Source data —
━━━━━━━━━━

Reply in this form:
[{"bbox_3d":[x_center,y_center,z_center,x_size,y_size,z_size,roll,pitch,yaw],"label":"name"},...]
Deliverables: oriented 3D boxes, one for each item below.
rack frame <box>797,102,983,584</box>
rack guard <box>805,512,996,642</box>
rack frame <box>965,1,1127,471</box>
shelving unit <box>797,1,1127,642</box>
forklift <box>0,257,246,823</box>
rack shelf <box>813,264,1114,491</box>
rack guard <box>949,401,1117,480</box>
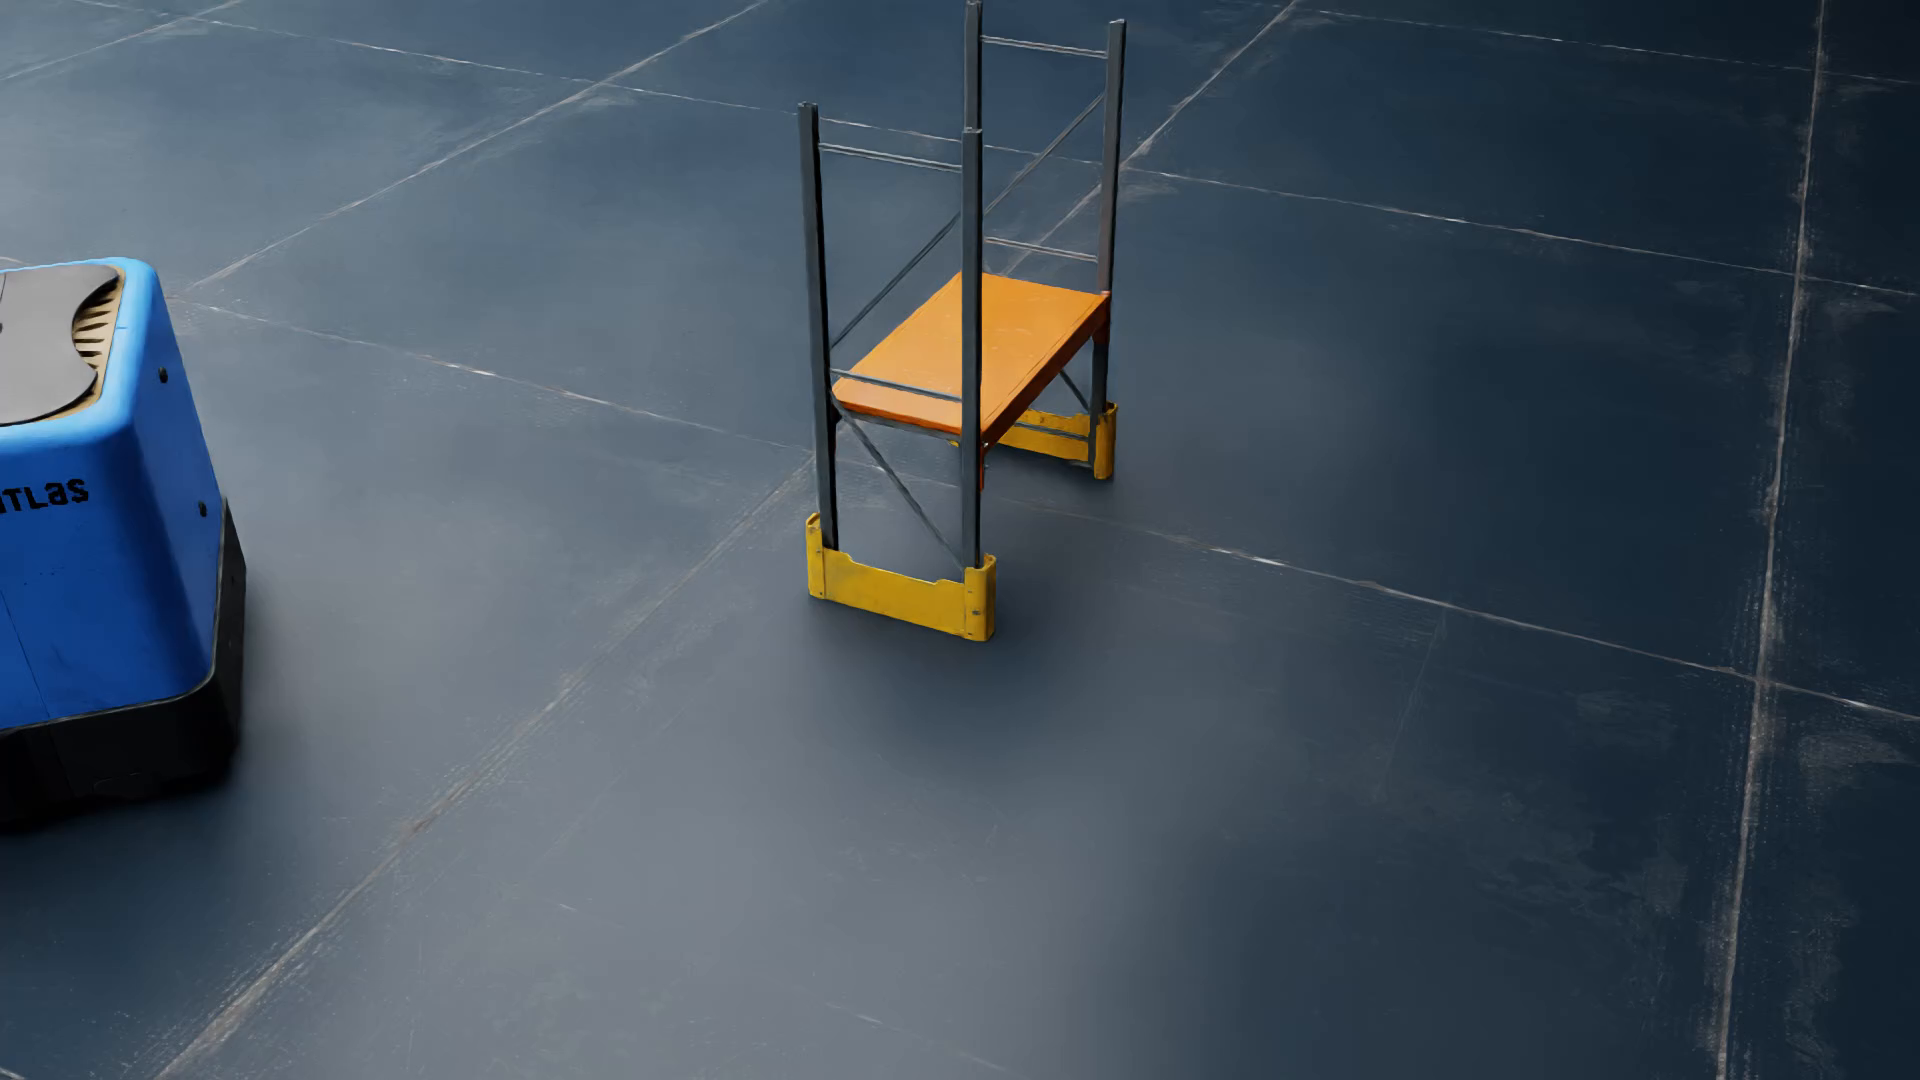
[{"bbox_3d":[-0.177,-0.417,4.517,0.500,1.500,0.032,14,36,20],"label":"rack frame"},{"bbox_3d":[-0.176,0.106,4.861,0.587,0.250,0.087,14,36,20],"label":"rack guard"},{"bbox_3d":[0.248,-0.923,5.290,0.500,1.500,0.032,14,36,20],"label":"rack frame"},{"bbox_3d":[0.032,-0.665,4.897,0.587,1.500,1.083,14,36,20],"label":"shelving unit"},{"bbox_3d":[-3.446,-0.598,3.490,3.031,2.935,1.130,-10,35,-15],"label":"forklift"},{"bbox_3d":[0.036,-0.519,5.002,0.538,0.185,1.000,14,36,20],"label":"rack shelf"},{"bbox_3d":[0.240,-0.391,5.618,0.587,0.250,0.087,14,36,20],"label":"rack guard"}]

━━━━━━━━━━

What to work on — Go through the listing above and quote it exactly, apart from its images.

Your response —
Reply in this form:
[{"bbox_3d":[x_center,y_center,z_center,x_size,y_size,z_size,roll,pitch,yaw],"label":"name"},...]
Deliverables: oriented 3D boxes, one for each item below.
rack frame <box>797,102,983,584</box>
rack guard <box>805,512,996,642</box>
rack frame <box>965,1,1127,471</box>
shelving unit <box>797,1,1127,642</box>
forklift <box>0,257,246,823</box>
rack shelf <box>813,264,1114,491</box>
rack guard <box>949,401,1117,480</box>
[{"bbox_3d":[-0.177,-0.417,4.517,0.500,1.500,0.032,14,36,20],"label":"rack frame"},{"bbox_3d":[-0.176,0.106,4.861,0.587,0.250,0.087,14,36,20],"label":"rack guard"},{"bbox_3d":[0.248,-0.923,5.290,0.500,1.500,0.032,14,36,20],"label":"rack frame"},{"bbox_3d":[0.032,-0.665,4.897,0.587,1.500,1.083,14,36,20],"label":"shelving unit"},{"bbox_3d":[-3.446,-0.598,3.490,3.031,2.935,1.130,-10,35,-15],"label":"forklift"},{"bbox_3d":[0.036,-0.519,5.002,0.538,0.185,1.000,14,36,20],"label":"rack shelf"},{"bbox_3d":[0.240,-0.391,5.618,0.587,0.250,0.087,14,36,20],"label":"rack guard"}]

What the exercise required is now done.